You googled “abortion chattanooga” because you are searching. You have liberty to do so. Some long while ago the Supreme Court issued a decision, Roe something-or-other, that makes abortion a fundamental right. You have a sense of thankfulness for the judges, two rows of elderly, black-robed men and women with serious, dignified expressions. Nameless, yes, but they always have seemed important, moral people.
Yes, you are aware that abortion is an unfortunate option, an evil necessity, as it were. Church people are opposed to it. The old Free Press frequently attacked it on the editorial pages. Protesters gave trouble to a local clinic in the 1990s. Yet, the Supreme Court made a ruling about abortion before you were born, and there is a measure of comfort in this fact. That ruling means that society says abortion is OK and can be obtained as a constitutional right so important that groups such as NARAL and the ACLU will pay lawyers to drone about it in court. You want to exercise your rights as a woman to do a thing legal and right. To exercise this right, you are looking for providers of safe, healthy medical services to eliminate an unwanted pregnancy. Right on, you say. Women have come a long way.
A measure of satisfaction arises in the breast at the thought. Still, you hesitate. Your uneasiness, like a low burble of running water in your ear, arises from a legitimate perception of reality, one connected to your conscience and provoked by what the Bible describes as the lawless removal of a landmark.
In the late 1800s the state legislature enacted a statute criminalizing the destruction of a child by abortion. The law stayed the hand of the private doctor who would destroy him at the behest of a disaffected mother. In Chattanooga, Nashville and other large cities in Tennessee, abortion was a service provided clandestinely because it was a violent act subject to criminal prosecution.
In 1973 judges in faraway Washington removed the landmark in Tennessee law, according to the common understanding of Roe vs. Wade. Their ruling is a disaster for you. Men issued an opinion about what is right or wrong, redefined them in a novel way suitable to the political interests of that day. The right honorable judges you’ve seen in Time magazine and the Free Press weren’t acting simply on a technical legal issue. Their opinion giving you the liberty to destroy your child was a decision about right and wrong that denies you a vital guidance. Bumped, you have dropped your moral compass in the weeds.
The Lord God who gave you a baby by the miracle of conception is concerned with his health and welfare — and yours. In the word of God the term “landmark” appears several times. Simple declarative sentences about them suggest the force with which your creator wants legal monuments to withstand the wonts of men.

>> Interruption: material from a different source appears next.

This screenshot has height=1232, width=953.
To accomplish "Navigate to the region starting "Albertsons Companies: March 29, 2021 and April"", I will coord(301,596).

• You shall not remove your neighbor’s landmark, which the men of old have set, in your inheritance which you will inherit in the land that the Lord your God is giving you to possess (Deuteronomy 19:14)
• Cursed is the one who moves his neighbor’s landmark, and all the people shall say, “Amen!” (Deuteronomy 19:17)

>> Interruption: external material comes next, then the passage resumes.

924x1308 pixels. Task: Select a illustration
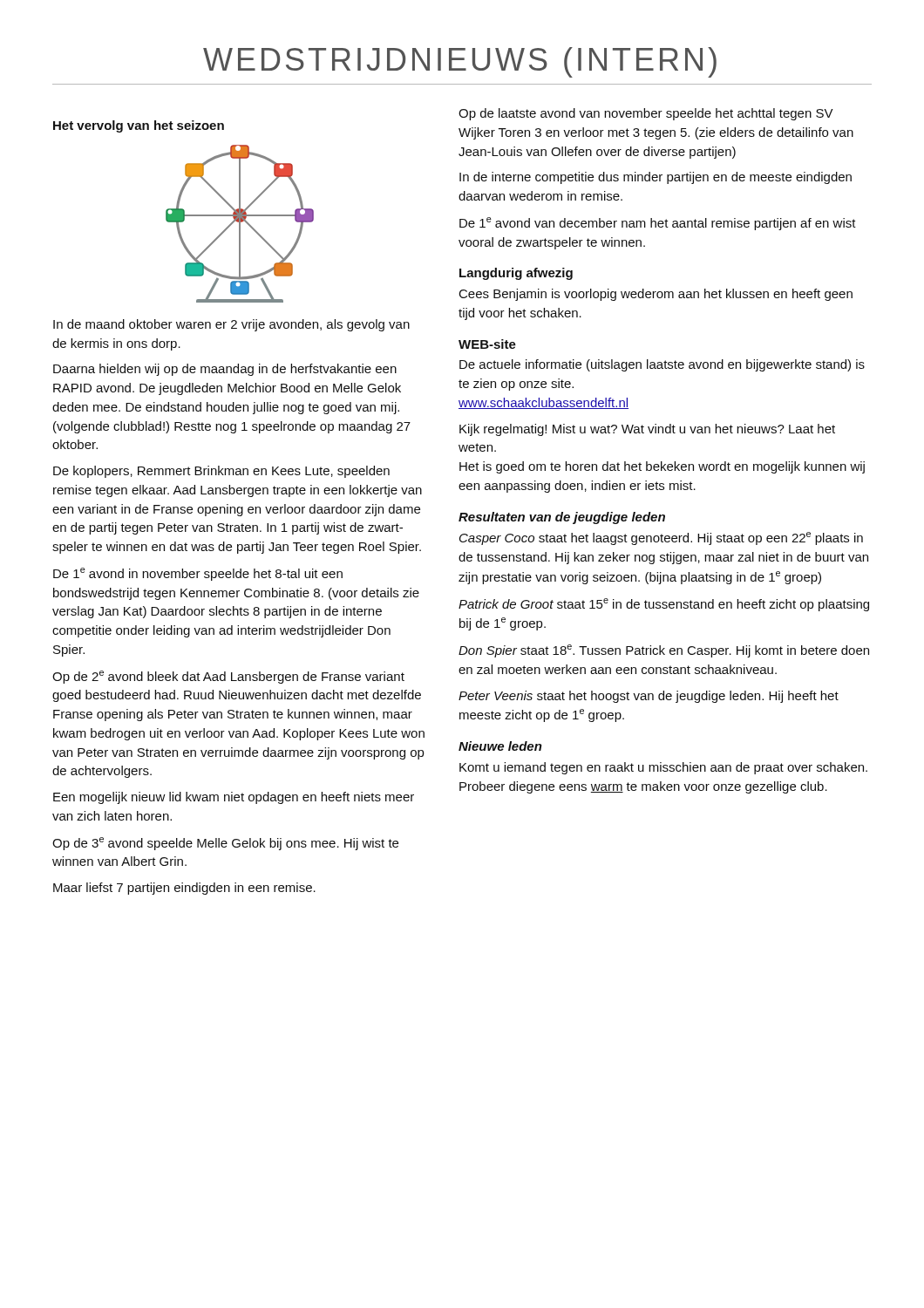[240, 220]

• Do not remove the ancient landmark, which your fathers have set (Proverbs 22:28)
• Do not remove the ancient landmark, nor enter the fields of the fatherless (Proverbs 23:10)
Observe how landmarks are often old, part of an inheritance or the record of one’s father and his father. To relocate a landmark brings a curse. Removers of landmarks, in the last verse, act covetously against those whom the landmark formerly protected and enter the fields of the fatherless.
You are trying to make a decision about parting company with your son or daughter by reading Internet ads of abortion traffickers. Because ancient protections of babies in Tennessee have been made to disappear, you think you are inhaling deeply the crisp air of liberty, with birds chirping nearby in the tree. But the law imperils you and your heir, and few panting breaths remain. The judges moved a landmark and have placed their toe upon the field belonging to your enwombed baby, so that they might take possession of it. If you proceed in your Internet search and make an appointment at an abortion mill, you are letting those black-clad notables in the faded photo partake of the field of the fatherless, which is your inheritance as much as your stricken baby’s. They have shifted the landmark, they have seized the field and are entering quietly thereon, their robes swirling across the bitter clumps of grass.
David Tulis, a deacon at Brainerd Hills Presbyterian Church, is married and the father of four children.